The projects have prompted significant debate about property rights, primarily centered on whether the private companies should be allowed to use eminent domain to force easements with landowners. But some residents have also tried to prevent the companies from surveying their land.
Those surveys help determine the precise path and depth of the pipe, and Iowa law allows the surveys after companies have held informational meetings about their projects and have given landowners and tenants a 10-day notice of the surveys.

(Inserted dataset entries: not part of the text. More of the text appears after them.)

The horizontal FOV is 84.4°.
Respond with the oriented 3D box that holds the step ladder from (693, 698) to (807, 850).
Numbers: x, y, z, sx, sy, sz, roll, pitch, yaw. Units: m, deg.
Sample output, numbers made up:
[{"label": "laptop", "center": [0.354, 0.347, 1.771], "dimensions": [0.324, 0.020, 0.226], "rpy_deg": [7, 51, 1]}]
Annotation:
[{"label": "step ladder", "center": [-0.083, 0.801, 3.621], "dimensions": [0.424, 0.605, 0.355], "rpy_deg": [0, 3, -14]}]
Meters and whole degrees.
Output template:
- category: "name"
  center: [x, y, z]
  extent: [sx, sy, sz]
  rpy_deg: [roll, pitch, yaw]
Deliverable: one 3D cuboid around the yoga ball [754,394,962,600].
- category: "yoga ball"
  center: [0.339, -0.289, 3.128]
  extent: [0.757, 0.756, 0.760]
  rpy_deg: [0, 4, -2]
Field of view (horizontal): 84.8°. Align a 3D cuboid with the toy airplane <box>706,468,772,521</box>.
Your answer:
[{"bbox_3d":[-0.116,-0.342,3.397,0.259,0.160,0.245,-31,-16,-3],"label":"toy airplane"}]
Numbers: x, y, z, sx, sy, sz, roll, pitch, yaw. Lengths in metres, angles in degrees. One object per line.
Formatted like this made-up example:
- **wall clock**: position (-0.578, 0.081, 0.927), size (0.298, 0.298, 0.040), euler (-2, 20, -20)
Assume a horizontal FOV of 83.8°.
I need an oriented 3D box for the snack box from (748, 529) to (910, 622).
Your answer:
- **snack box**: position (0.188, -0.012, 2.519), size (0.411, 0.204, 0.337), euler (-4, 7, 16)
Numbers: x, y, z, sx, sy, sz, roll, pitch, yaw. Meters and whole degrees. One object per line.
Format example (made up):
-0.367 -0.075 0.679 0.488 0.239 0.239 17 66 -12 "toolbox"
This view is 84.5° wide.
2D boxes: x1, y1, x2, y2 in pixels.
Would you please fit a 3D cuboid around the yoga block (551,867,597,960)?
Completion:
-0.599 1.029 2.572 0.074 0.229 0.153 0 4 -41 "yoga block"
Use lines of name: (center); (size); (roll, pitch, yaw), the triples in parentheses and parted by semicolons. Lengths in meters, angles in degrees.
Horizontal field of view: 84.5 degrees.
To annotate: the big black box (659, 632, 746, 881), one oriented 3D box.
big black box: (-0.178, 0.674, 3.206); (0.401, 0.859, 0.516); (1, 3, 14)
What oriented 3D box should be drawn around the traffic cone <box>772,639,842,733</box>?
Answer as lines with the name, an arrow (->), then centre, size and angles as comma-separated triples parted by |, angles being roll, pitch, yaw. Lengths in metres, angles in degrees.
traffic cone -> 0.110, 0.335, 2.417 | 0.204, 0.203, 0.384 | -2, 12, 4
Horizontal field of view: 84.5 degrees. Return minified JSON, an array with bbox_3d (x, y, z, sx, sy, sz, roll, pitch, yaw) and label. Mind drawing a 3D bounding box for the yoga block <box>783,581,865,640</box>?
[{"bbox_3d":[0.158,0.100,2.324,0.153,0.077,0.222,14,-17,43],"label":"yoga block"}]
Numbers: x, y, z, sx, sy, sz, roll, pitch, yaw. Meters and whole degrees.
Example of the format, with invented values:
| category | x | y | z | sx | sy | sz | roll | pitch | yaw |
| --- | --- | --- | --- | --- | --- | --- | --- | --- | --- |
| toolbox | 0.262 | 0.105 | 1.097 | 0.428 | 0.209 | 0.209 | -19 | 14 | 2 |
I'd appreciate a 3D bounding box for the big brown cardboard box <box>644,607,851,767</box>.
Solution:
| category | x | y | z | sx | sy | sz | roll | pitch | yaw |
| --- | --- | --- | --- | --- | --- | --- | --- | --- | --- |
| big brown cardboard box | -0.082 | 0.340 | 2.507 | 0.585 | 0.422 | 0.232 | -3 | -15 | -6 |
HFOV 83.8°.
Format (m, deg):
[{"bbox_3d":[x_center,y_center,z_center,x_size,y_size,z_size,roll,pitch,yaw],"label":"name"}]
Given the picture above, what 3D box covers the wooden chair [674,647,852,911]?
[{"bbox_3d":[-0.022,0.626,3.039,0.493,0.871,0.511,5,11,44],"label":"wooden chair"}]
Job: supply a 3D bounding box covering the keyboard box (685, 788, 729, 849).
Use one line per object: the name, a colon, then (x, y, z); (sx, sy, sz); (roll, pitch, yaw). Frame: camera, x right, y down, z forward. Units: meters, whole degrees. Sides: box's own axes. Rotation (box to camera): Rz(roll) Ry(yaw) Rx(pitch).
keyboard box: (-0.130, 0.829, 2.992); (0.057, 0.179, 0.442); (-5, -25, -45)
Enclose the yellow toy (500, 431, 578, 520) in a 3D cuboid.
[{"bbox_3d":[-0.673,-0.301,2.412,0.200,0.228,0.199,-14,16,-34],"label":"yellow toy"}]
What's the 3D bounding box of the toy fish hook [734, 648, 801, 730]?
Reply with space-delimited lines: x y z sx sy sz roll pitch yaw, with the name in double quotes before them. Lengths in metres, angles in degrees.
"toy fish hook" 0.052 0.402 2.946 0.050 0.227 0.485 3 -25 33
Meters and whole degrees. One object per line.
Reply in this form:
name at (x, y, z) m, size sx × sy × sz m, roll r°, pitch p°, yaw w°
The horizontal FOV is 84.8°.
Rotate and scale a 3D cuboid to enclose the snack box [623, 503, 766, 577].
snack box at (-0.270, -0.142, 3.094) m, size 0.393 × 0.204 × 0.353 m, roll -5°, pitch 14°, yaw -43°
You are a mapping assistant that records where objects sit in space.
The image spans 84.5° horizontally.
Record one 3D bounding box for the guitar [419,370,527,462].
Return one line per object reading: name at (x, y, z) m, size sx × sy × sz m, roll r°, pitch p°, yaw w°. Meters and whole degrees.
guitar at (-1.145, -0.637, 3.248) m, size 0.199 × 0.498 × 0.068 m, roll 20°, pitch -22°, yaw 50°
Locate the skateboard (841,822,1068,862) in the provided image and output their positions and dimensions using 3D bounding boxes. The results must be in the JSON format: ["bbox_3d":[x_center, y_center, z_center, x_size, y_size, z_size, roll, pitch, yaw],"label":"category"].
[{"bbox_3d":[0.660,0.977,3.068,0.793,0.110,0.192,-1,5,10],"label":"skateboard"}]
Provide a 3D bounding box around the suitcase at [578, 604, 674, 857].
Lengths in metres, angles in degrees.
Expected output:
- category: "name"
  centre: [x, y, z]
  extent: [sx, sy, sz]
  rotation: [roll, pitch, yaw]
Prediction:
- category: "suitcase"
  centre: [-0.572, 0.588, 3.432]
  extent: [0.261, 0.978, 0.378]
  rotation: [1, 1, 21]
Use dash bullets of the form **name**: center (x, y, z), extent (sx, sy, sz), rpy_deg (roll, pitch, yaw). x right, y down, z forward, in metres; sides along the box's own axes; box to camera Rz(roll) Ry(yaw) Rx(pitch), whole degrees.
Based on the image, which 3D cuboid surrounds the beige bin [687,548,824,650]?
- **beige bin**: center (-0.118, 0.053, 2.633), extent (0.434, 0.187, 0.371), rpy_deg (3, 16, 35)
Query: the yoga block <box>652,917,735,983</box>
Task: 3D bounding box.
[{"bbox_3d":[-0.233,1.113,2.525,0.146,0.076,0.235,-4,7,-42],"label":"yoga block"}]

That part of the law is being challenged on two fronts in court: Some landowners have asked judges to decide that the law is unconstitutional. Also, a surveyor is charged with trespassing in northwest Iowa.
A motion to dismiss that charge is pending in district court in Dickinson County. In that case, a tenant and landowners rejected all mailed land-survey notices from Summit Carbon Solutions, and the sheriff’s office charged a surveyor with trespassing in August because a survey crew returned to the property after the tenant had turned another away.
The Lee County residents — who oppose the project — say their situation is different: They received notice of a required informational meeting but heard nothing about the surveys before they saw crews digging on their properties.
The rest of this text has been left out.